SSL Certificate with SubjectAlternativeName (SAN)

If you want to create an SSL certificate for multiple subdomains, you could either use a wildcard certificate like *.example.com or you could use an SSL certificate with SubjectAlternativeName (SAN).

For example, if you create an SSL certificate with SubjectAlternativeName (SAN) like this:

CN: gitlab.example.com
SAN: registry.example.com, mattermost.example.com

In my understanding it was one main name (gitlab.example.com) and two aliases (registry.example.com, mattermost.example.com).

But when I’ve accessed gitlab.example.com with my browser, the certificate (canonical name) was marked as invalid:

Certificate error
There are issues with the site's certificate chain
(net::ERR_CERT_COMMON_NAME_INVALID).

Explanation

As mentioned in the RFC6125 (released in 2011) the certificate validation must check for SAN (SubjectAlternativeName) first. If SAN exists, then the CN (Common Name) will be ignored:

RFC6125:

If a subjectAltName extension of type dNSName is present, that MUST be used as the identity. Otherwise, the (most specific) Common Name field in the Subject field of the certificate MUST be used. Although the use of the Common Name is existing practice, it is deprecated and Certification Authorities are encouraged to use the dNSName instead.

Conclusion

So keep in mind, if you have an SSL certificate which uses SAN (SubjectAlternativeName) you must provide all aliases for your domain as SubjectAlternativeName, because CN (Common Name) will be ignored!

You can check your certificate content with the following openssl command:

$ openssl x509 -in example.com-cert.pem -text -noout

 Subject: CN=git.example.com

 X509v3 Subject Alternative Name:
 DNS:git.example.com, DNS:mattermost.example.com, DNS:registry.example.com

Just check if all of your desired aliases/subdomains are present in the X509v3 Subject Alternative Name section.

Note: You can easily generate your own Let’sEncrypt SSL certificate with SubjectAlternativeName (SAN) via certbot

18 Comments

Gaurav 14.05.2019 at 12:17

Hi Roger, Apart from DNS name SAN extension allows to provide IP address and e-mail addresses.

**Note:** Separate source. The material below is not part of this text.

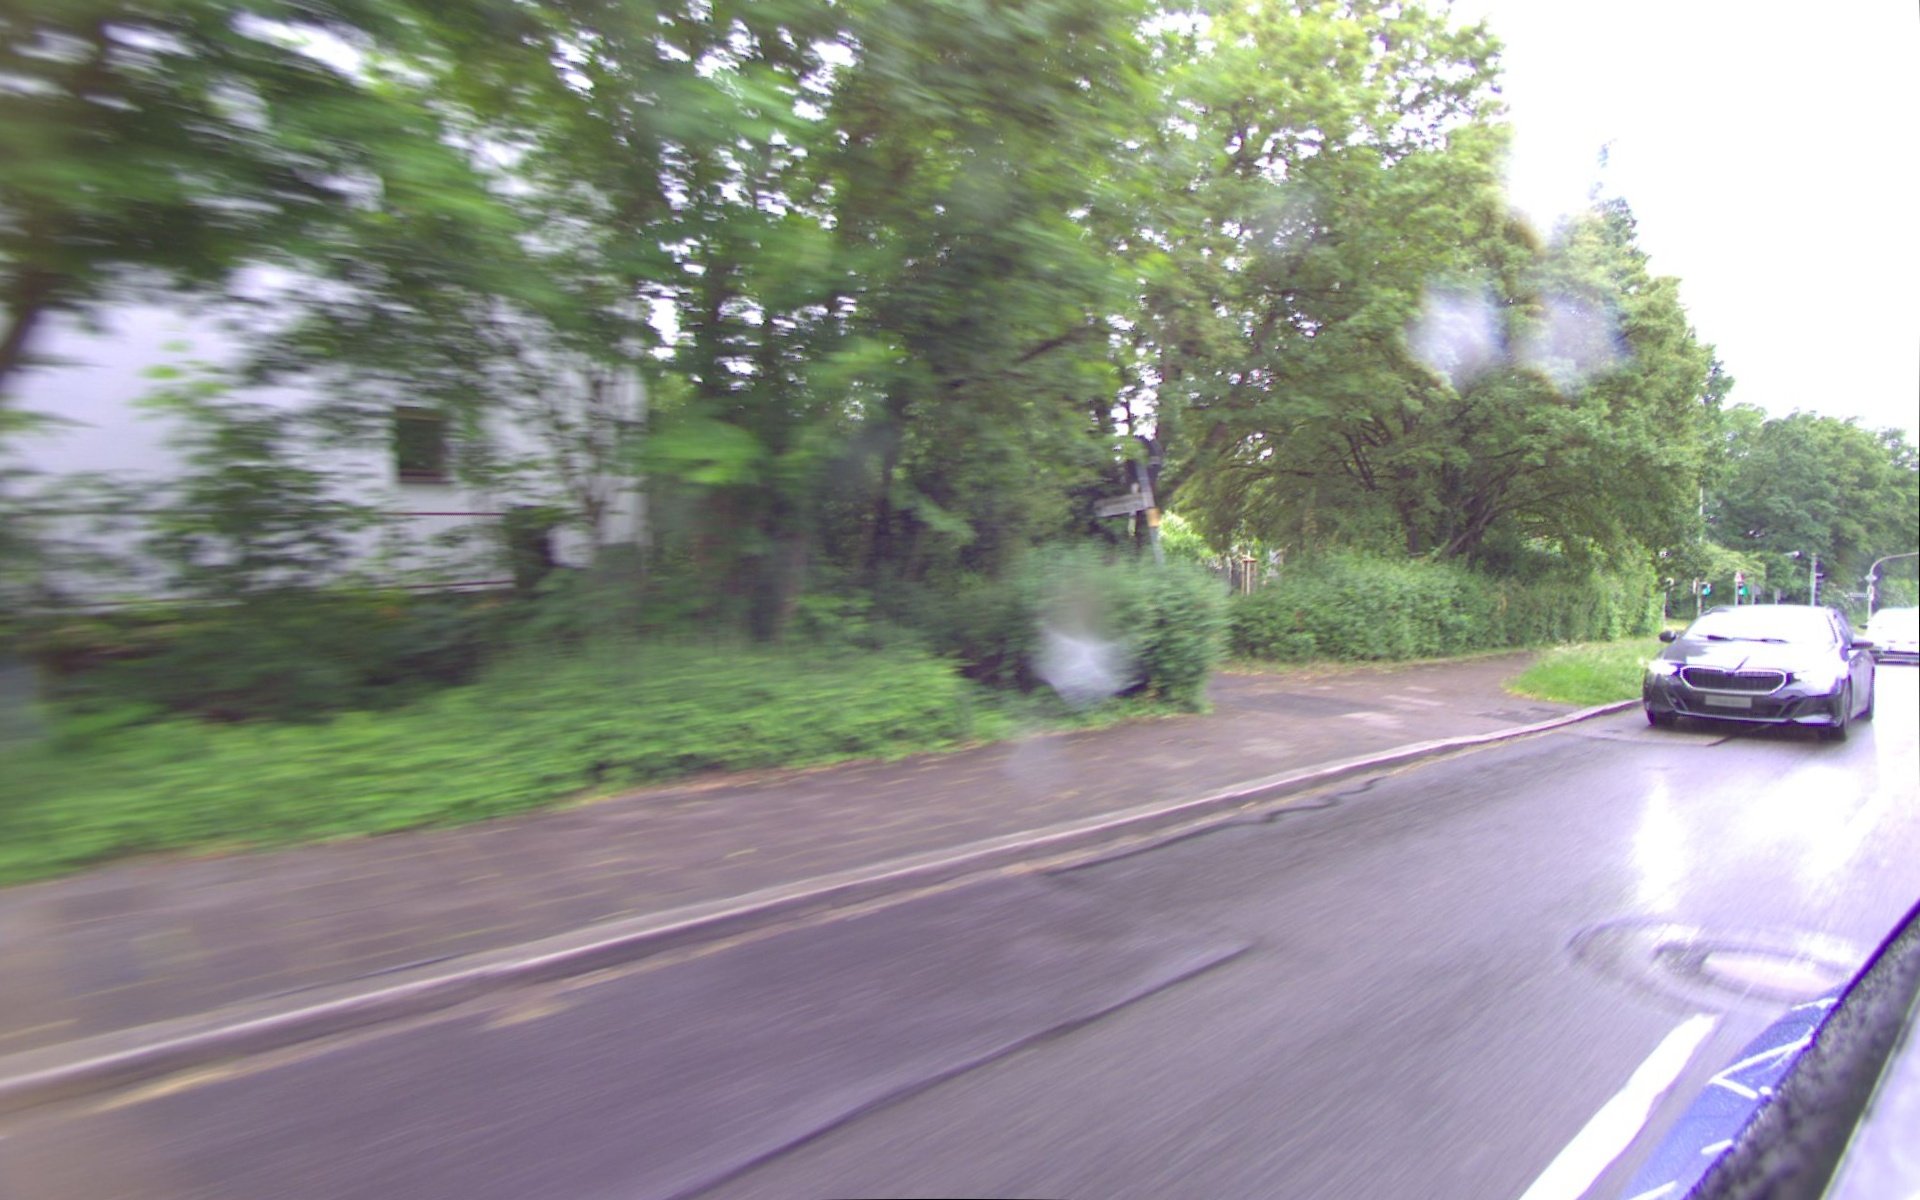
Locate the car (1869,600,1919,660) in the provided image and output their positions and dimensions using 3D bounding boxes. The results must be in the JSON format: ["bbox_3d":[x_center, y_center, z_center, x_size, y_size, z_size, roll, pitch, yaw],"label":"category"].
[{"bbox_3d":[27.208,0.839,28.646,4.050,1.575,1.812,1,2,-43],"label":"car"}]

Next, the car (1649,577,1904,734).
[{"bbox_3d":[10.206,0.555,12.542,4.050,1.575,1.865,0,2,-43],"label":"car"}]

In what scenarios using IP address and e-mail addresses would be useful. I understood the use case of DNS in SAN, but do not have any idea about e-mail and IP address.
Thanks,
halki diabetes remedy 08.01.2020 at 02:51

I think it is very complimentary to navigation and helps out a lot!
stardew valley pc download 31.03.2020 at 17:16

Thanks for the tips, I will create SSL certificate soon also.
geometry dash 14.07.2020 at 09:07

To get a good blog I think you tried a lot. And I think this is a very interesting blog, it attracts me by the content and creative design.
hair removal 23.10.2020 at 17:15

glad i found this!
sacramento acupuncture 30.10.2020 at 14:35

same here! glad i found this!
word finder 06.11.2020 at 09:51

Rich information, that’s really good, I’m looking for it, thanks for sharing.
www.marriagecounselinghoustontx.com 09.11.2020 at 08:32

thi sis great!
www.marriagecounselingdallastx.com 09.11.2020 at 08:32

love this soo much!
www.marriagecounselingcoloradosprings.com 09.11.2020 at 08:33

i wish i could use this for the whole duration
guitar lessons 18.02.2021 at 15:23

Wooooow! This is amazing
kitchen remodeling 18.02.2021 at 16:10

I need more information
xtralinq 10.03.2021 at 01:08

Smooth
https://plastersydney.com.au/ 16.03.2021 at 00:35

Thanks for a great content that you share with us.
https://sanfranciscoeyelashextensions.com 16.03.2021 at 03:39

Love the ideas. Very smart
pergola renovations 26.03.2021 at 02:21

This Blog Is All About The Facts Of Excellent Information Which You Provide. I Thankful To You For Sharing Amazing And Unique Content On Your Web Blog.
Website 26.03.2021 at 11:51

I love this weblog, wonderful content material and I am going to bookmark this website.
https //aka.ms/remoteconnect 31.03.2021 at 13:34

Mind boggling information. Blessed me I went over your site by some happenstance (stumbleupon). I’ve book-checked it for later!